__REQUIRED WORK__.
Give again, unaltered, the lines of the listing below that run from the line having "color=color, linetype=linetype, lineweight=lineweight)" through the line having "blk = doc.blocks.new('brk-2025')".

__AVAILABLE DATA__.
_ _ _

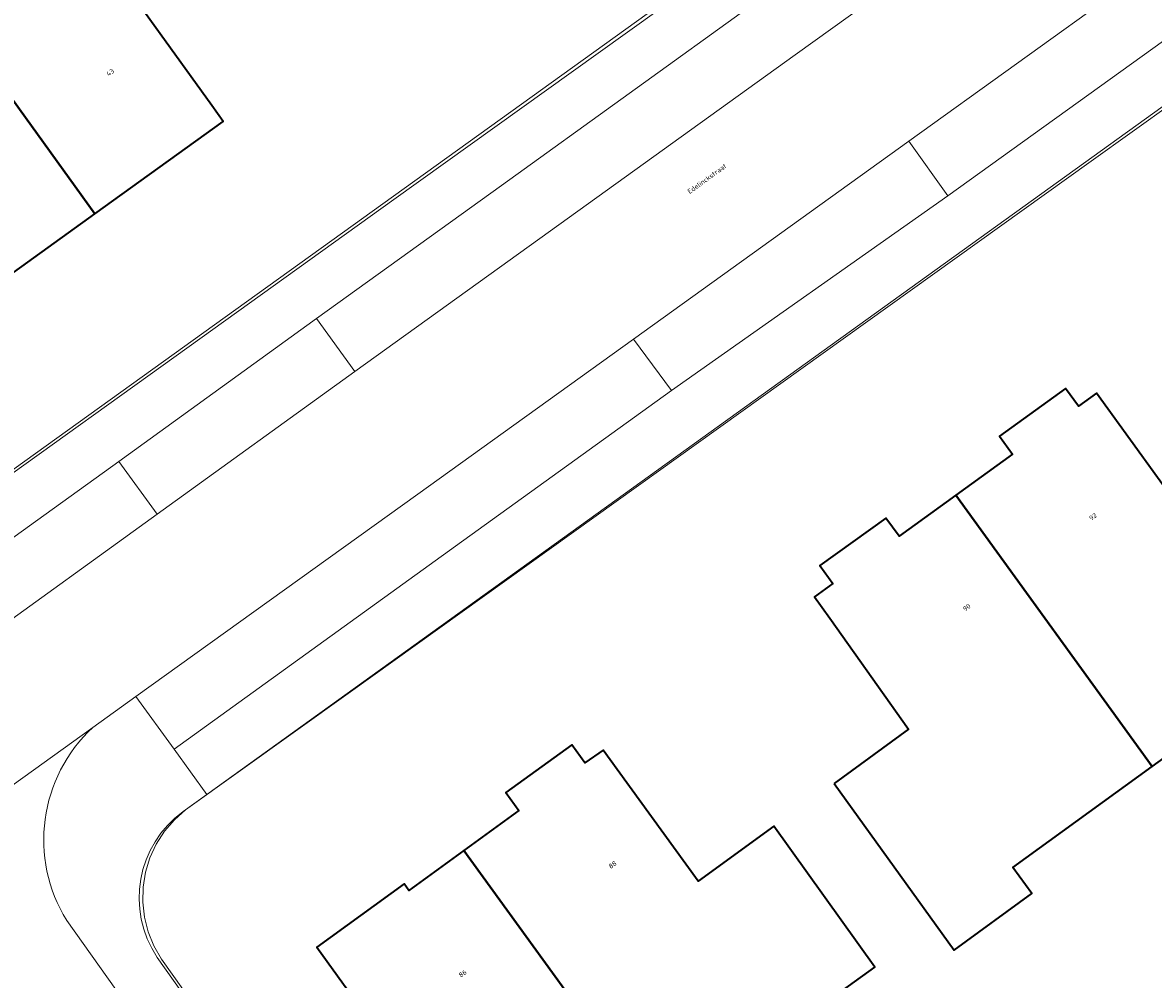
# Model space of a CAD drawing. Header units: metres. Extents: x 237319 to 238937, y 510065 to 511489.
# Tile 58 of 176: x 237831 to 237873, y 510941 to 510977. Entities that reach past the tile are written whole.
import ezdxf
from ezdxf.enums import TextEntityAlignment as Align

# ---------------------------------------------------------------- set-up
doc = ezdxf.new("R2010")
doc.units = ezdxf.units.M
for name, color, linetype, lineweight in [('B-WE-FV-GELEIDING_WILDRASTER-G', 252, 'Continuous', 18), ('B-WE-GR-BEPLANTING_CULTUUR_BODEMBEDEKKER-GV', 252, 'Continuous', 18), ('B-WE-KG-GRENS_PERCEEL-GV', 252, 'Continuous', 18), ('B-WE-OG-BEBOUWING-GV', 252, 'Continuous', 35), ('B-WE-OG-BEBOUWING-T18', 252, 'Continuous', 18), ('B-WE-OG-TERREIN_ERF-GV', 252, 'Continuous', 18), ('B-WE-OG-TOPOGRAFIE-T18', 252, 'Continuous', 18), ('B-WE-VH-OPENVERHARDING-GV', 252, 'Continuous', 18)]:
    doc.layers.add(name, color=color, linetype=linetype, lineweight=lineweight)
doc.styles.add('NLCS-ISO-M100-T18', font='NLCS-ISO.ttf', dxfattribs={"height": 0.18})

# ---------------------------------------------------------------- blocks, each defined once
blk = doc.blocks.new('brk-2025')
at = {"layer": 'B-WE-KG-GRENS_PERCEEL-GV', "flags": 128}
for points in [[(237860.653, 510981.32), (237852.557, 510975.51), (237844.925, 510970.033), (237837.268, 510964.538), (237829.63, 510959.057), (237821.983, 510953.569), (237814.347, 510948.089), (237806.707, 510942.606), (237799.074, 510937.129), (237791.435, 510931.647)], [(237851.968, 510919.521), (237836.24, 510941.655), (237835.958, 510942.144), (237835.744, 510942.667), (237835.605, 510943.214), (237835.541, 510943.776), (237835.554, 510944.34), (237835.644, 510944.898), (237835.81, 510945.438), (237836.047, 510945.95), (237836.352, 510946.426), (237836.72, 510946.855), (237837.142, 510947.23), (237843.211, 510951.578), (237852.474, 510958.215), (237861.703, 510964.828), (237870.966, 510971.465), (237880.16, 510978.052)]]:
    blk.add_lwpolyline(points, dxfattribs=at)
blk = doc.blocks.new('bgt-2025')
at = {"layer": 'B-WE-GR-BEPLANTING_CULTUUR_BODEMBEDEKKER-GV', "flags": 128}
for points in [[(237855.295, 510962.896), (237865.621, 510970.177), (237864.161, 510972.213), (237853.874, 510964.817)], [(237834.645, 510960.25), (237836.083, 510958.278), (237843.463, 510963.603), (237842.03, 510965.584)]]:
    blk.add_lwpolyline(points, close=True, dxfattribs=at)
at = {"layer": 'B-WE-OG-BEBOUWING-GV', "flags": 128}
for points in [[(237834.166, 510984.316), (237826.868, 510979.061), (237833.752, 510969.502), (237838.543, 510972.952), (237838.116, 510973.545), (237835.417, 510977.294), (237837.851, 510979.047)], [(237833.752, 510969.502), (237826.868, 510979.061), (237819.714, 510973.909), (237823.4, 510968.649), (237825.836, 510970.398), (237828.338, 510966.917), (237828.961, 510966.051)], [(237865.912, 510958.991), (237873.252, 510948.844), (237881.333, 510954.69), (237877.551, 510959.953), (237874.717, 510957.89), (237871.173, 510962.804), (237870.492, 510962.313), (237870.006, 510962.979), (237867.543, 510961.197), (237868.028, 510960.521)], [(237861.369, 510948.21), (237865.851, 510941.987), (237868.751, 510944.106), (237868.042, 510945.075), (237873.252, 510948.844), (237865.912, 510958.991), (237863.796, 510957.461), (237863.303, 510958.134), (237860.837, 510956.355), (237861.323, 510955.682), (237860.635, 510955.193), (237861.204, 510954.392), (237864.15, 510950.245)], [(237854.886, 510935.564), (237862.884, 510941.356), (237859.112, 510946.614), (237856.284, 510944.561), (237853.259, 510948.74), (237852.737, 510949.462), (237852.055, 510948.984), (237851.567, 510949.656), (237849.104, 510947.874), (237849.591, 510947.202), (237847.538, 510945.711)], [(237847.538, 510945.711), (237845.485, 510944.219), (237845.309, 510944.462), (237842.047, 510942.093), (237848.384, 510933.308), (237850.941, 510929.763), (237853.277, 510931.448), (237851.878, 510933.386), (237854.886, 510935.564)]]:
    blk.add_lwpolyline(points, close=True, dxfattribs=at)
at = {"layer": 'B-WE-OG-TERREIN_ERF-GV', "flags": 128}
for points in [[(237764.665, 510912.475), (237766.251, 510913.611), (237860.667, 510981.508), (237881.401, 510996.416), (237880.107, 510998.243), (237878.133, 511001.028), (237875.078, 511005.454), (237874.522, 511006.281), (237872.305, 511009.625), (237870.713, 511012.068), (237864.341, 511022.361), (237862.845, 511024.952), (237861.081, 511028.048), (237854.87, 511039.827)], [(237945.019, 511024.69), (237885.303, 510981.924), (237837.928, 510947.802), (237837.053, 510947.172)], [(237836.079, 510941.715), (237852.032, 510919.244), (237868.658, 510895.827)]]:
    blk.add_lwpolyline(points, dxfattribs=at)
for points in [[(237826.868, 510979.061), (237834.166, 510984.316), (237837.851, 510979.047), (237835.417, 510977.294), (237838.116, 510973.545), (237838.543, 510972.952), (237833.752, 510969.502), (237828.961, 510966.051), (237828.338, 510966.917), (237825.836, 510970.398), (237823.4, 510968.649), (237819.714, 510973.909)], [(237873.252, 510948.844), (237868.042, 510945.075), (237868.751, 510944.106), (237865.851, 510941.987), (237861.369, 510948.21), (237864.15, 510950.245), (237861.204, 510954.392), (237860.635, 510955.193), (237861.323, 510955.682), (237860.837, 510956.355), (237863.303, 510958.134), (237863.796, 510957.461), (237865.912, 510958.991), (237868.028, 510960.521), (237867.543, 510961.197), (237870.006, 510962.979), (237870.492, 510962.313), (237871.173, 510962.804), (237874.717, 510957.89), (237877.551, 510959.953), (237881.333, 510954.69)], [(237859.112, 510946.614), (237862.884, 510941.356), (237854.886, 510935.564), (237851.878, 510933.386), (237853.277, 510931.448), (237850.941, 510929.763), (237848.384, 510933.308), (237842.047, 510942.093), (237845.309, 510944.462), (237845.485, 510944.219), (237847.538, 510945.711), (237849.591, 510947.202), (237849.104, 510947.874), (237851.567, 510949.656), (237852.055, 510948.984), (237852.737, 510949.462), (237853.259, 510948.74), (237856.284, 510944.561)]]:
    blk.add_lwpolyline(points, close=True, dxfattribs=at)
at = {"layer": 'B-WE-OG-TERREIN_ERF-GV'}
blk.add_lwpolyline([(237837.053, 510947.172, 0.403162), (237836.079, 510941.715)], format="xyb", dxfattribs=at)
at = {"layer": 'B-WE-VH-OPENVERHARDING-GV', "flags": 128}
for points in [[(237910.585, 511002.623), (237901.671, 510996.244), (237901.758, 510996.123), (237897.609, 510993.142), (237896.162, 510995.153), (237882.523, 510985.414), (237883.941, 510983.415), (237878.606, 510979.527), (237873.674, 510975.97), (237865.621, 510970.177), (237855.295, 510962.896), (237847.227, 510957.076), (237836.711, 510949.491), (237837.928, 510947.802), (237885.303, 510981.924), (237945.019, 511024.69), (237946.442, 511025.729), (237946.094, 511026.205)], [(237883.822, 511000.384), (237883.521, 511000.816), (237883.497, 511000.85), (237881.573, 510999.282), (237880.107, 510998.243), (237881.401, 510996.416), (237860.667, 510981.508), (237766.251, 510913.611), (237764.665, 510912.475)], [(237767.525, 510908.975), (237768.693, 510909.809), (237767.229, 510911.902), (237784.489, 510924.258), (237787.734, 510926.581), (237797.407, 510933.506), (237804.184, 510938.358), (237811.604, 510943.67), (237818.402, 510948.562), (237827.954, 510955.436), (237834.645, 510960.25), (237842.03, 510965.584), (237848.94, 510970.562), (237858.481, 510977.434), (237861.868, 510979.873), (237868.977, 510984.994), (237878.037, 510991.537), (237879.568, 510989.561), (237883.41, 510992.3)], [(237770.441, 510904.873), (237773.201, 510906.801), (237778.438, 510910.602), (237778.895, 510910.934), (237788.809, 510918.063), (237788.95, 510918.165), (237793.583, 510921.496), (237798.16, 510924.786), (237802.93, 510928.199), (237814.519, 510936.537), (237820.676, 510940.962), (237833.671, 510950.305), (237835.286, 510951.466), (237845.814, 510959.028), (237853.874, 510964.817), (237864.161, 510972.213), (237872.207, 510978.003)], [(237863.302, 510977.883), (237859.914, 510975.445), (237850.375, 510968.578), (237843.463, 510963.603), (237836.083, 510958.278), (237829.38, 510953.448), (237819.84, 510946.574), (237813.05, 510941.682), (237805.626, 510936.35), (237798.856, 510931.483), (237789.173, 510924.523), (237785.932, 510922.193), (237770.429, 510911.048), (237768.693, 510909.809), (237767.525, 510908.975)], [(237837.053, 510947.172), (237837.928, 510947.802), (237836.711, 510949.491), (237835.286, 510951.466), (237833.671, 510950.305)], [(237833.671, 510950.305), (237820.676, 510940.962)], [(237867.435, 510894.165), (237866.749, 510895.129), (237849.726, 510919.111), (237832.702, 510943.092)], [(237832.702, 510943.092), (237849.726, 510919.111), (237866.749, 510895.129), (237867.435, 510894.165)], [(237868.658, 510895.827), (237852.032, 510919.244), (237836.079, 510941.715)]]:
    blk.add_lwpolyline(points, dxfattribs=at)
for points in [[(237858.481, 510977.434), (237848.94, 510970.562), (237842.03, 510965.584), (237843.463, 510963.603), (237850.375, 510968.578), (237859.914, 510975.445), (237863.302, 510977.883), (237870.404, 510982.995), (237868.977, 510984.994), (237861.868, 510979.873)], [(237877.1, 510981.524), (237872.207, 510978.003), (237864.161, 510972.213), (237865.621, 510970.177), (237873.674, 510975.97), (237878.606, 510979.527)], [(237845.814, 510959.028), (237835.286, 510951.466), (237836.711, 510949.491), (237847.227, 510957.076), (237855.295, 510962.896), (237853.874, 510964.817)], [(237836.083, 510958.278), (237834.645, 510960.25), (237827.954, 510955.436), (237818.402, 510948.562), (237811.604, 510943.67), (237813.05, 510941.682), (237819.84, 510946.574), (237829.38, 510953.448)]]:
    blk.add_lwpolyline(points, close=True, dxfattribs=at)
at = {"layer": 'B-WE-VH-OPENVERHARDING-GV'}
for points in [[(237832.702, 510943.092, -0.35876), (237833.671, 510950.305)], [(237833.671, 510950.305, 0.35876), (237832.702, 510943.092)], [(237836.079, 510941.715, -0.403162), (237837.053, 510947.172)]]:
    blk.add_lwpolyline(points, format="xyb", dxfattribs=at)
at = {"layer": 'B-WE-KG-GRENS_PERCEEL-GV'}
blk.add_blockref('brk-2025', (0, 0), dxfattribs=at)
at = {"layer": 'B-WE-OG-BEBOUWING-T18', "style": 'NLCS-ISO-M100-T18'}
for s, rotation, p in [('43', 35.7, (237834.325, 510974.787)), ('92', 35.9, (237871.039, 510958.183)), ('90', 35.9, (237866.321, 510954.791)), ('88', 35.9, (237853.09, 510945.175)), ('86', 35.9, (237847.49, 510941.111))]:
    blk.add_text(s, height=0.18, rotation=rotation, dxfattribs=at).set_placement(p, align=Align.MIDDLE)
at = {"layer": 'B-WE-OG-TOPOGRAFIE-T18', "style": 'NLCS-ISO-M100-T18'}
blk.add_text('Edelinckstraat', height=0.18, rotation=35.9, dxfattribs=at).set_placement((237856.619, 510970.817), align=Align.MIDDLE)

msp = doc.modelspace()

# ---------------------------------------------------------------- block references
at = {"layer": 'B-WE-FV-GELEIDING_WILDRASTER-G'}
msp.add_blockref('bgt-2025', (0, 0), dxfattribs=at)

doc.saveas('drawing.dxf')

_ _ _

__ANSWER SPACE__.
    doc.layers.add(name, color=color, linetype=linetype, lineweight=lineweight)
doc.styles.add('NLCS-ISO-M100-T18', font='NLCS-ISO.ttf', dxfattribs={"height": 0.18})

# ---------------------------------------------------------------- blocks, each defined once
blk = doc.blocks.new('brk-2025')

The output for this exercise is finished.